BREAKING ALL THE RULES: Feeling Good and Looking Great No Matter What Your Size

By

Pub Date: Jan. 1st, 1985
Publisher: Viking

A neither-nor book. Roberts, who would rightly end discrimination against fat people, tries to combine her personal story as a compulsive eater with a political directive. The result is hard to stomach. Roberts (sister of actor Tony Roberts) lives in London where she is something of a personality. Several years ago she made her debut in a small theater production concerned with compulsive eating, and the show garnered some attention. For a time she also hosted a TV talk show, ""Large as Life."" The book, then, is a natural extension of those public activities on behalf of herself and other oversized citizens. Unfortunately, despite a lively writing style, Roberts hasn't much of a story to tell. We are subjected to the mealtimes of her childhood, and to her adolscent passion for leftovers and Mars Bars. It's all given such serious treatment that the effect is comic.

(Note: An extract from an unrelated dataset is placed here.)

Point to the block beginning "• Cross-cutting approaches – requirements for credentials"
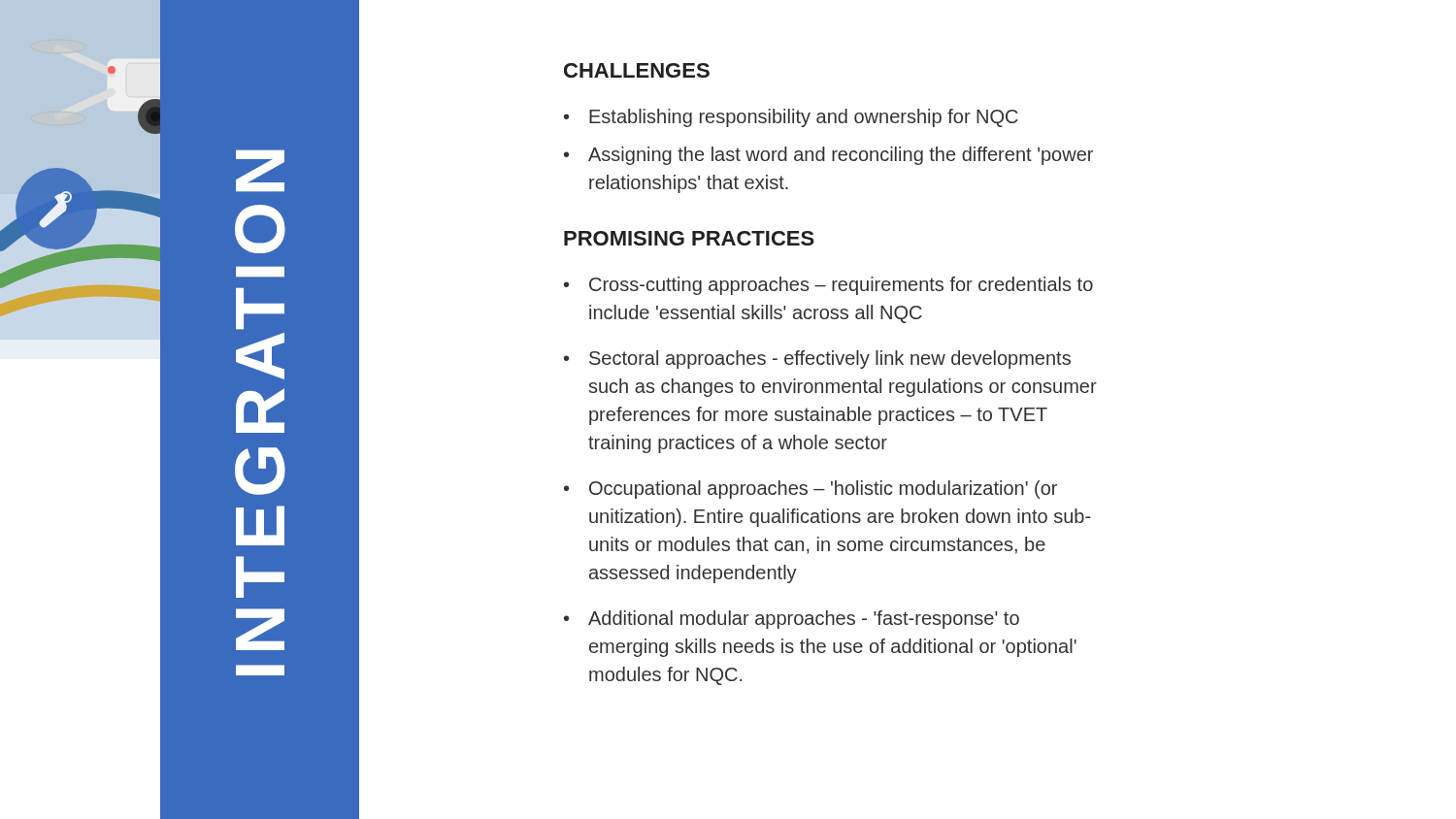This screenshot has width=1456, height=819. 985,299

At times, reading Roberts is like wading through a confession magazine where only trivialities are exposed--""My Secret Life on the Searsdale Diet."" She finds salvation and a new way of life once she accepts that she is acceptable, at least to herself, in a size 22 or larger. A happy ending, indeed. But why should we care? Once Roberts' personal story is told, the book dribbles off into beauty and fitness. Again, her approach is too personal to be generally beneficial to large women. But overall, the book is an indulgence: Roberts is a public personality who thinks she has a story to tell.